Model of a crowd on concert venue or how to distribute random points according to the 2D window distribution

조회 수: 6 (최근 30일)
Hello
Could you please help me with the following issue: I need to "simulate" the crowd in a concert venue by the set of cylinders ( for example with height of 1.7 m and radius of 0.25 m with different concentration (number of cylinders per m^2) ).
In fact the task is to find the coordinates (x, y) of these cylinders.

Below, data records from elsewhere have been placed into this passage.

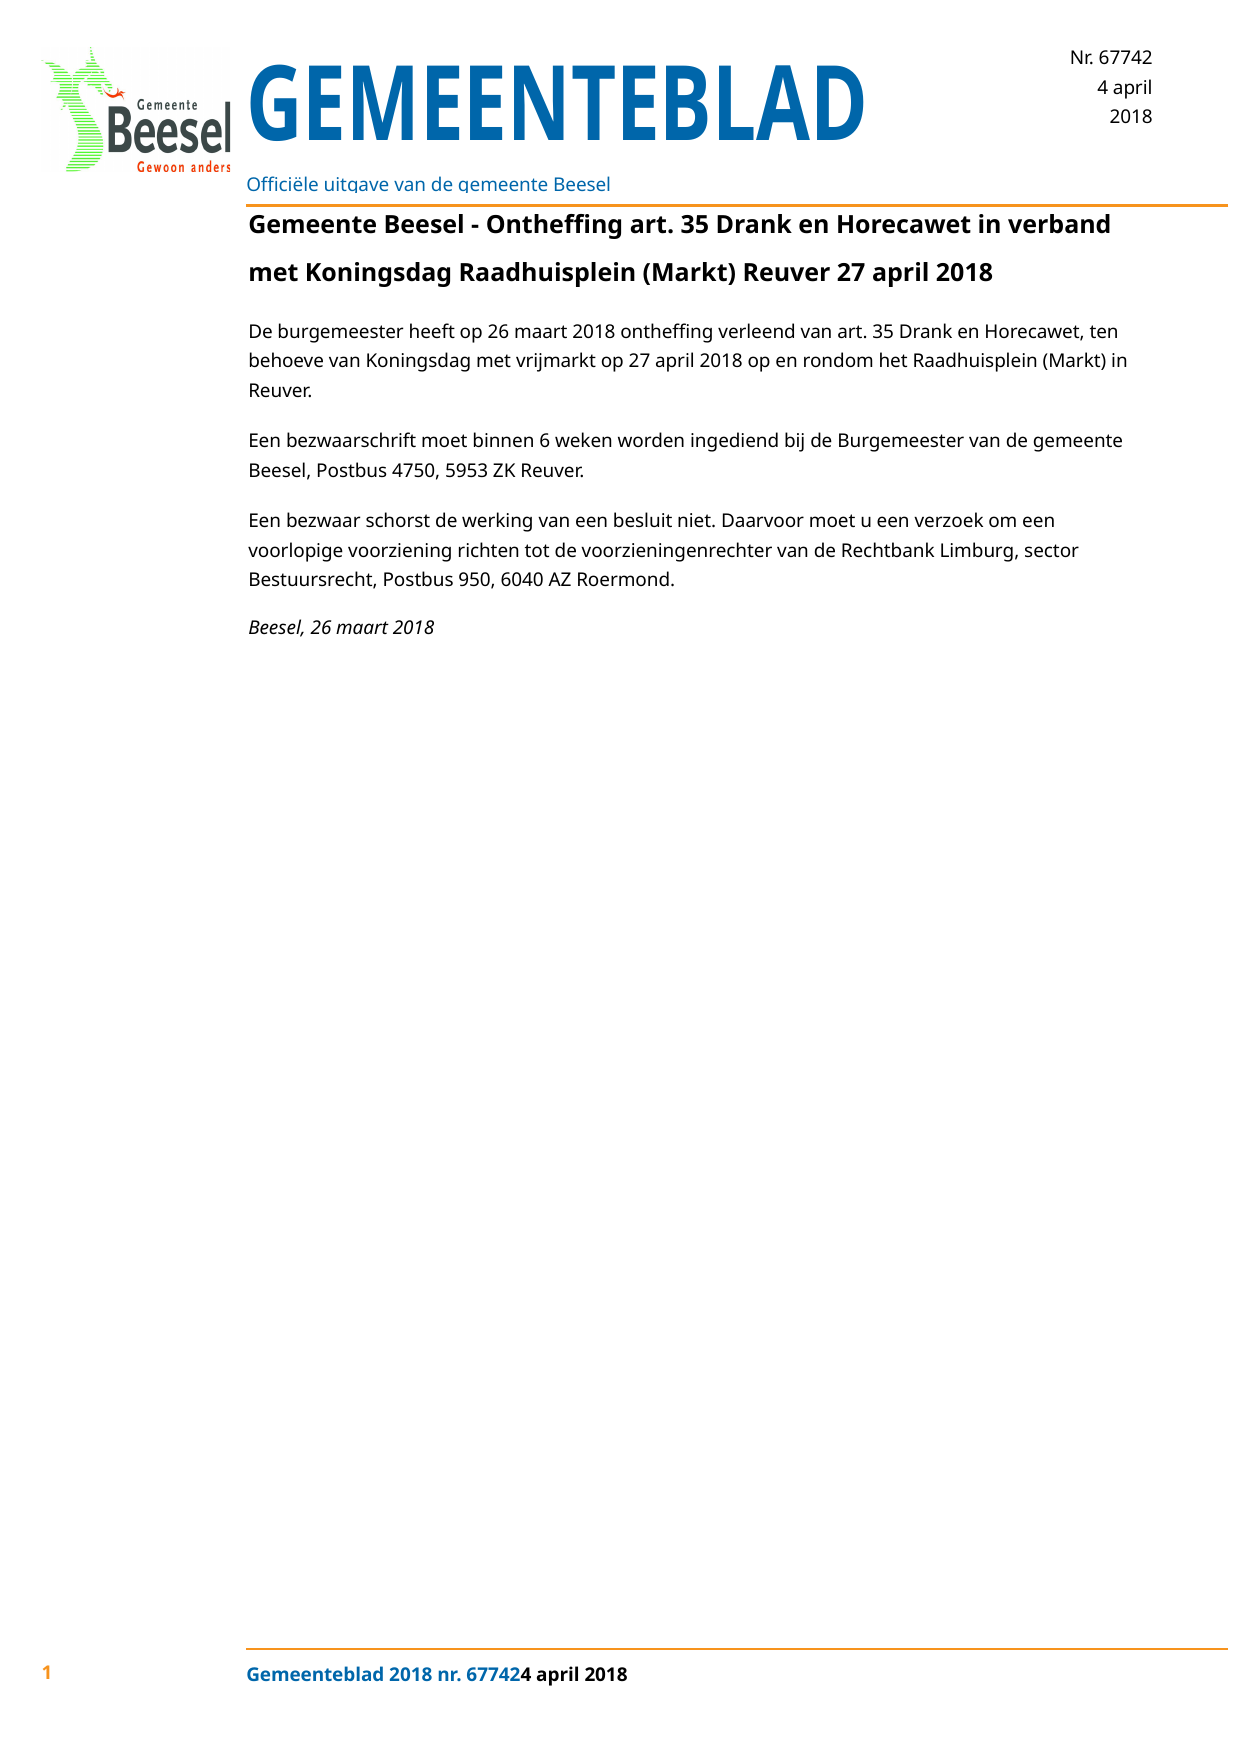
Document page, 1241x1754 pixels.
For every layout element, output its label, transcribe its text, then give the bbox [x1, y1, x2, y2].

text Beesel, 26 maart 2018 [248, 614, 1152, 640]
text De burgemeester heeft op 26 maart 2018 ontheffing verleend van art. 35 Drank en Horecawet, ten behoeve van Koningsdag met vrijmarkt op 27 april 2018 op en rondom het Raadhuisplein (Markt) in Reuver. [248, 318, 1152, 403]
text Een bezwaarschrift moet binnen 6 weken worden ingediend bij de Burgemeester van de gemeente Beesel, Postbus 4750, 5953 ZK Reuver. [248, 427, 1152, 483]
picture [41, 47, 231, 172]
text Een bezwaar schorst de werking van een besluit niet. Daarvoor moet u een verzoek om een voorlopige voorziening richten tot de voorzieningenrechter van de Rechtbank Limburg, sector Bestuursrecht, Postbus 950, 6040 AZ Roermond. [248, 507, 1152, 592]
text Gemeente Beesel - Ontheffing art. 35 Drank en Horecawet in verband met Koningsdag Raadhuisplein (Markt) Reuver 27 april 2018 [248, 207, 1152, 288]

In real case concentration of people decreases to the edges of the venue and to its back part. For example near the stage we have 2 pers/m^2 and it decreases to 0 (no people) to the edges of the venue and to its back part. Attached picture is an example what I need to do, but there is a constant concentration. пример.jpg
Using a 2D window, I modeled a change in concentration on the venue (I attach a picture and a mat file) concentration.jpg
contourf(x, y, Nu, 'ShowText','on')
shading interp
xlabel('X (Length), m')
ylabel('Y (Width), m')
title('People concentration variation through the venue')
colorbar
Now, according to this distribution, I need to find the coordinates of the points (in fact coordinates of the cylinders.) ... and these points should be randomly placed within a given concentration, I mean not in line as an array ... that is, in fact, I need to simulate more or less real placement of crowd.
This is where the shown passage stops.